Somebody took the time to reverse engineer one of those new USB enclosures that claims to encrypt the hard drive with 128 bit AES, and found out it is just doing XOR encryption:
http://www.heise-online.co.uk/security/Enclosed-but-not-encrypted--/features/110136
Pretty disgraceful. It turns up they encrypted the key with AES, but the actual data with a "proprietary algorithm" that in fact is trivial to break. Here's the chip the product uses. Notice that there's no mention in their specifications of a proprietary encryption algorithm or that the chip only encrypts the keying material with AES.
http://www.innmax.com/en/im7206.html
You just can't trust those fuckers in the computer security business. Yes, I realize my last job was as a software developer for a company that made security products. That just makes me all the more aware. I'm not saying the company I worked for made bad products but rather that the job exposed me to alot of other companies' security products (including source code in many cases), and I can say that they were all complete crap. And we're not talking about security companies that nobody has ever heard of. We're talking about top security vendors that make the firewalls and authentication tokens your company is probably using to protect it's network.
Unfortunately we're not talking about security bugs. Every product will have bugs in it and some of those are exploitable (although there are techniques that can be employed to compartmentalize the risk). Just about every vendor I worked with had fundamental design flaws in their product that were just ridiculous.
Do you really think the chip vendor above didn't realize that the design was fatally insecure? They're taking the gamble that you don't find out. You could argue that they were incompetent, but bear in mind that doing it right would have cost alot more money to design and the unit cost on the chip would be much higher. Why on Earth would they spend the money if you're too stupid to be able to tell the difference? It's pure economics.
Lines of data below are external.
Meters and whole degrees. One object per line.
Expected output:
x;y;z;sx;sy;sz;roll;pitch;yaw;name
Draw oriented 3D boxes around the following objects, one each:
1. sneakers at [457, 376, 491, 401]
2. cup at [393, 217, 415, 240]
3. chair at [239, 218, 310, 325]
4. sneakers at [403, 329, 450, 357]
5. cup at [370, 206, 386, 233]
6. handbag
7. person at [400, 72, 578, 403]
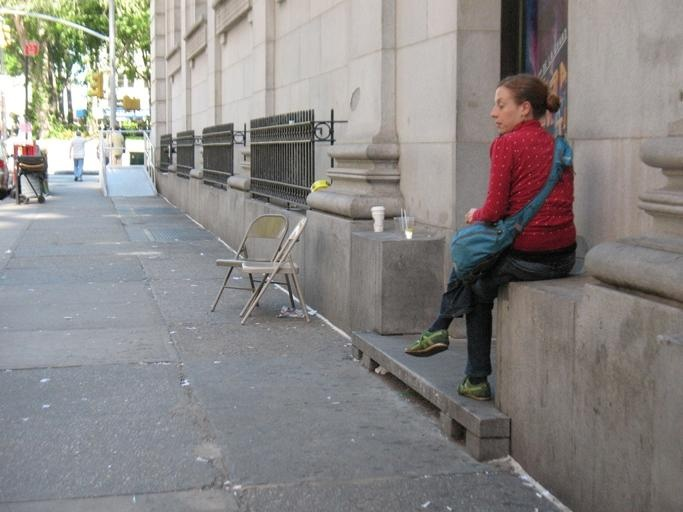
0.901;0.903;4.509;0.096;0.119;0.253;-3;5;-25;sneakers
0.604;-0.284;6.450;0.196;0.229;0.210;-3;0;0;cup
-0.844;0.096;8.403;0.834;1.233;1.765;0;8;-6;chair
0.619;0.614;4.663;0.380;0.180;0.144;-24;-27;33;sneakers
0.383;-0.394;6.948;0.119;0.270;0.231;1;8;5;cup
0.872;-0.041;4.100;0.368;0.380;0.176;3;8;16;handbag
1.012;-0.076;4.221;0.912;2.151;0.518;3;8;21;person
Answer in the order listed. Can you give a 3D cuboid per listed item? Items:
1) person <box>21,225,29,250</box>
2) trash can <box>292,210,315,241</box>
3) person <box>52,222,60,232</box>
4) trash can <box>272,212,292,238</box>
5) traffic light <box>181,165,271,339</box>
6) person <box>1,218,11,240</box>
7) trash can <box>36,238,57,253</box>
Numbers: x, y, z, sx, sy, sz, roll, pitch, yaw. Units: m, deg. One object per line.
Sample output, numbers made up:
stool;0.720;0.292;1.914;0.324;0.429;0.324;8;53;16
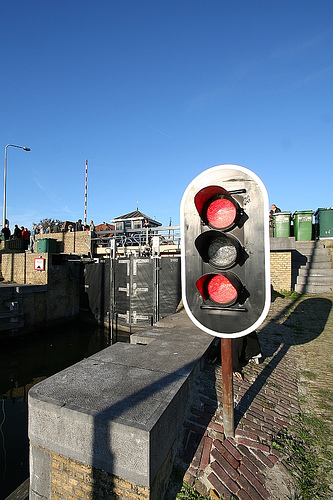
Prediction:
person;-7.175;-0.591;18.132;0.335;1.149;1.295;1;-1;-23
trash can;6.108;-1.078;15.959;1.035;1.477;1.178;-4;5;-5
person;-6.570;-1.490;21.041;0.410;0.832;0.808;-1;4;-9
trash can;4.877;-1.119;15.319;0.677;1.062;0.747;0;-1;16
traffic light;0.424;0.026;2.759;0.696;1.374;0.421;0;-1;10
person;-8.273;-1.053;18.356;0.403;1.070;1.844;1;0;-25
trash can;-5.143;-0.185;15.122;0.547;0.761;0.729;-2;1;13
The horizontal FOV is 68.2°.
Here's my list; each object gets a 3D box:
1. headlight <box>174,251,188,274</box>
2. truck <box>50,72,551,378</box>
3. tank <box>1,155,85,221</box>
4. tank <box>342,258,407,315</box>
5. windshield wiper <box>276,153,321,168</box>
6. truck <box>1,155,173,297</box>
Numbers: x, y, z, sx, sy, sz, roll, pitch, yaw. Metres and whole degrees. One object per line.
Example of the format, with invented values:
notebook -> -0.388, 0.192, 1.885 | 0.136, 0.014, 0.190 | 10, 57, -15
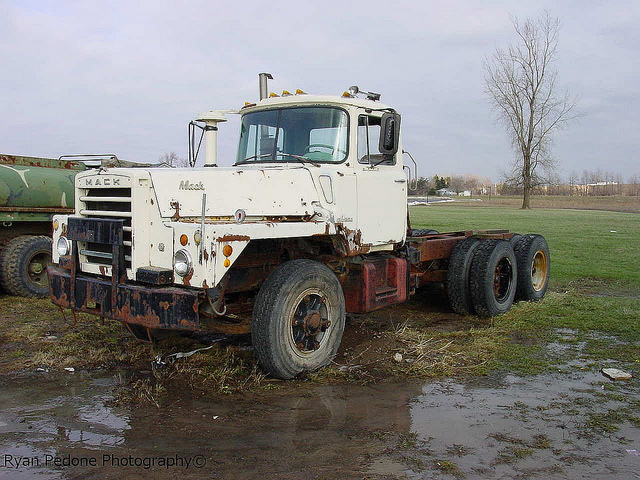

Ever wonder why encryption products certified for government use are so damn expensive? It's because proper design, implementation, and validation is such a costly process. Programs like FIPS 140-1 in the U.S. or CESG in the U.K. are specifically setup to not allow certification of poorly designed products.
The company you work for probably paid tens of thousands of dollars for these products that are riddled with security holes that they pray you never look close enough to find out about.